TASK TO COMPLETE:
Scan the lines below; pull out those with "device".

+ + + +

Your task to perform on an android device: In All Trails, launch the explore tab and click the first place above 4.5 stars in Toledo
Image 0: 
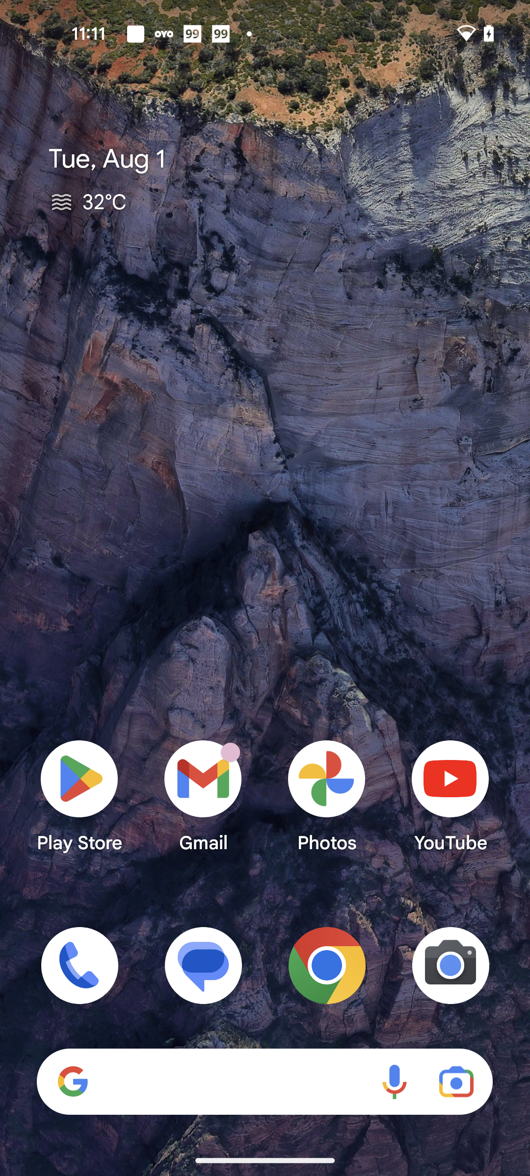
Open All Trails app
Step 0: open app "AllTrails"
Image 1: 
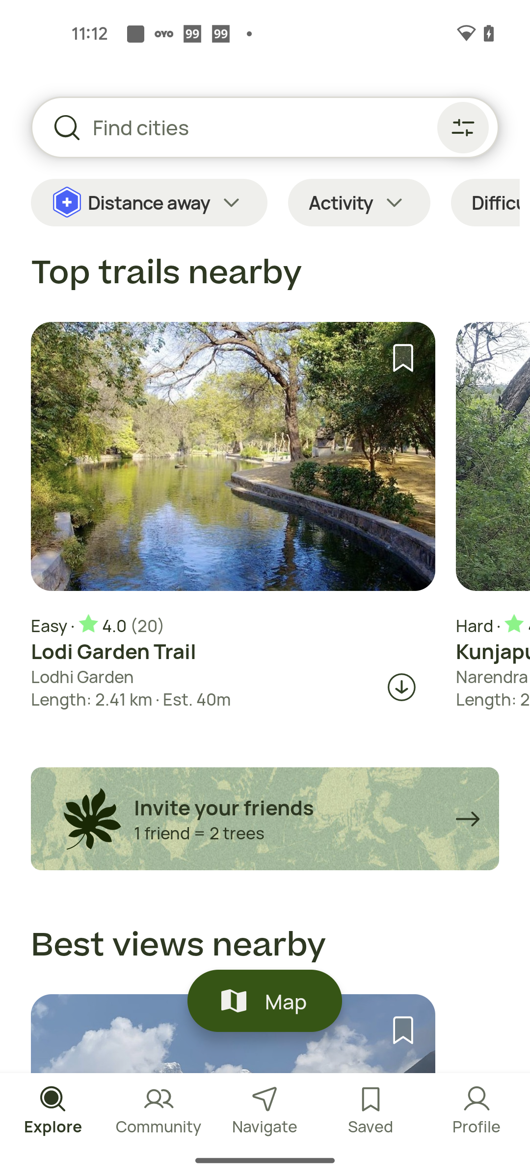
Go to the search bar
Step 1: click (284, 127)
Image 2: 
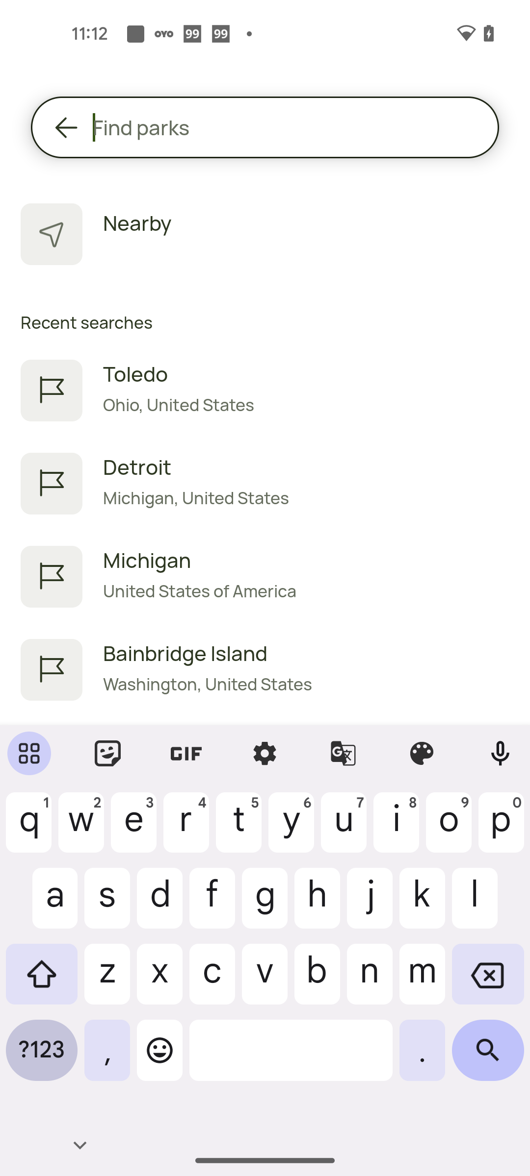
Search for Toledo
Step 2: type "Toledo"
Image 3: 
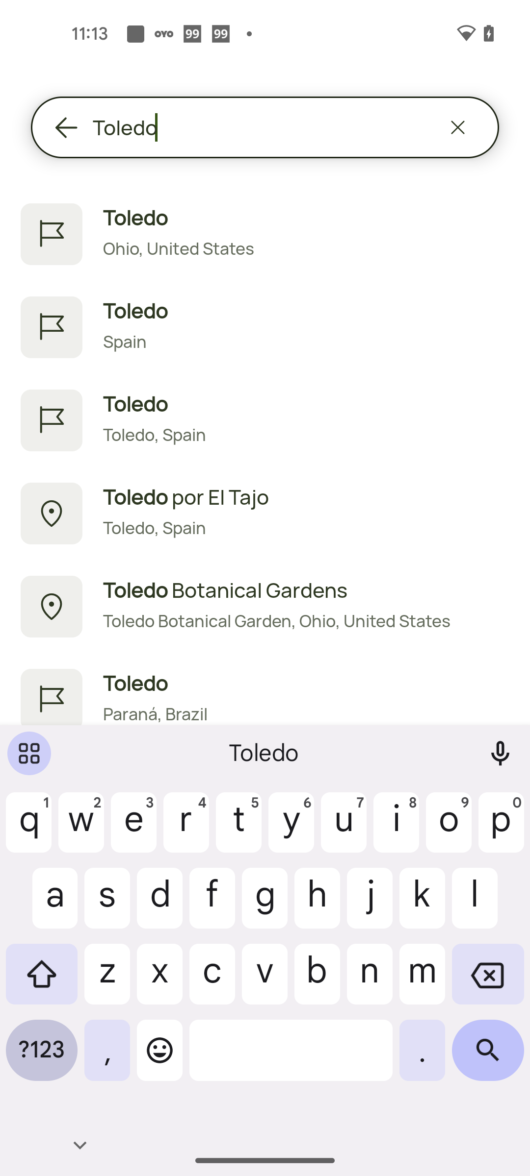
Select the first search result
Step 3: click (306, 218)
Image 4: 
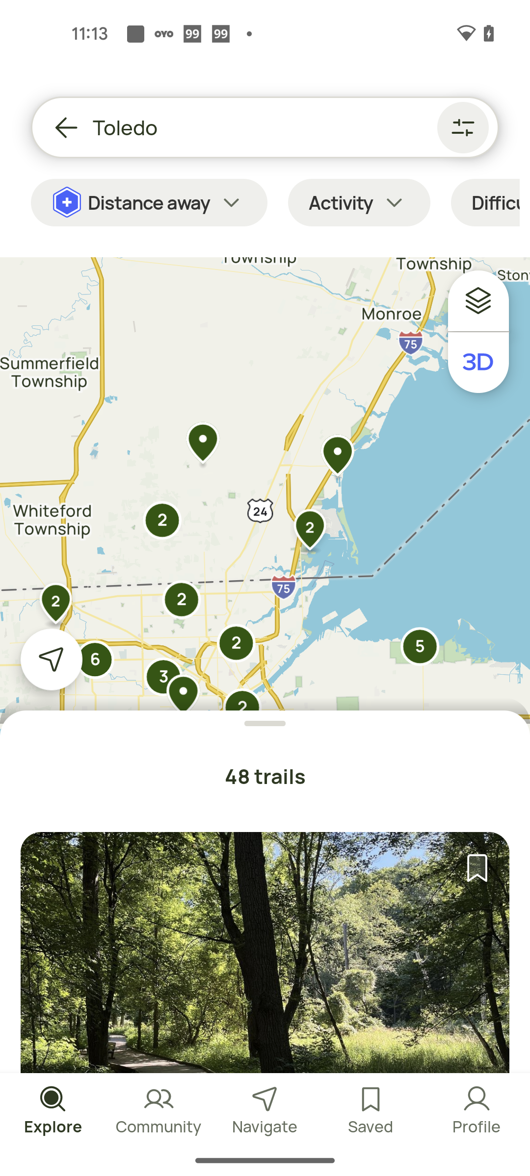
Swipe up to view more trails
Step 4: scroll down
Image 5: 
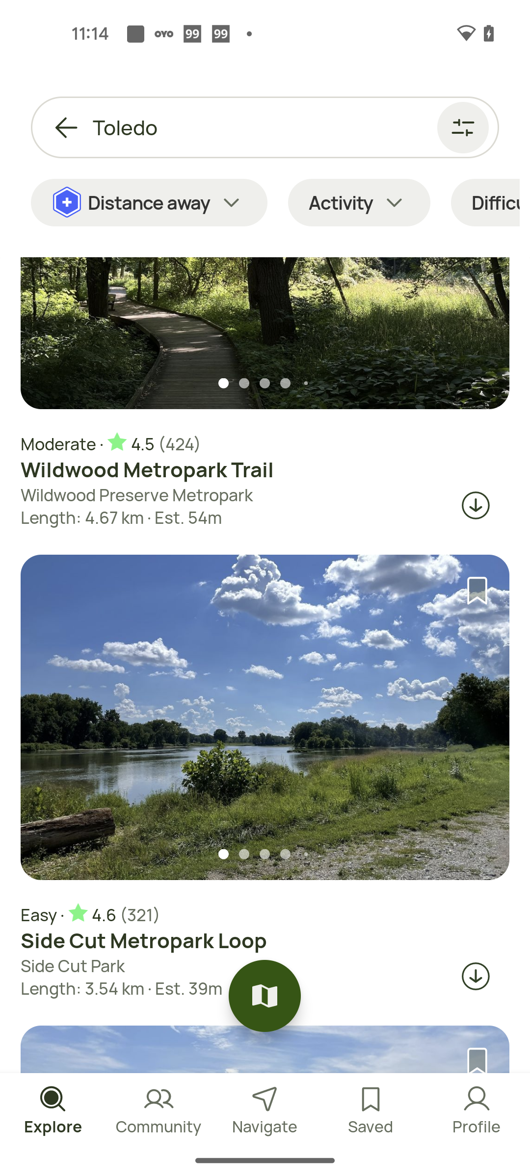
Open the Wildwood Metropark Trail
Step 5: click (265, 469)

+ + + +

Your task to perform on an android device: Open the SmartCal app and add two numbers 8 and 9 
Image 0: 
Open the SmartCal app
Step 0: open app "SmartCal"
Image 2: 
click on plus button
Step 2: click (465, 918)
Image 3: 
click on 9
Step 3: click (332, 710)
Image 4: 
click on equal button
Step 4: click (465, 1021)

+ + + +

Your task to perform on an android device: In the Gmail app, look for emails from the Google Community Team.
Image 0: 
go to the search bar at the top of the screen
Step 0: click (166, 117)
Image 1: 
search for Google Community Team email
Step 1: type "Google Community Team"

+ + + +

ANSWER:
Your task to perform on an android device: In All Trails, launch the explore tab and click the first place above 4.5 stars in Toledo
Your task to perform on an android device: Open the SmartCal app and add two numbers 8 and 9 
Your task to perform on an android device: In the Gmail app, look for emails from the Google Community Team.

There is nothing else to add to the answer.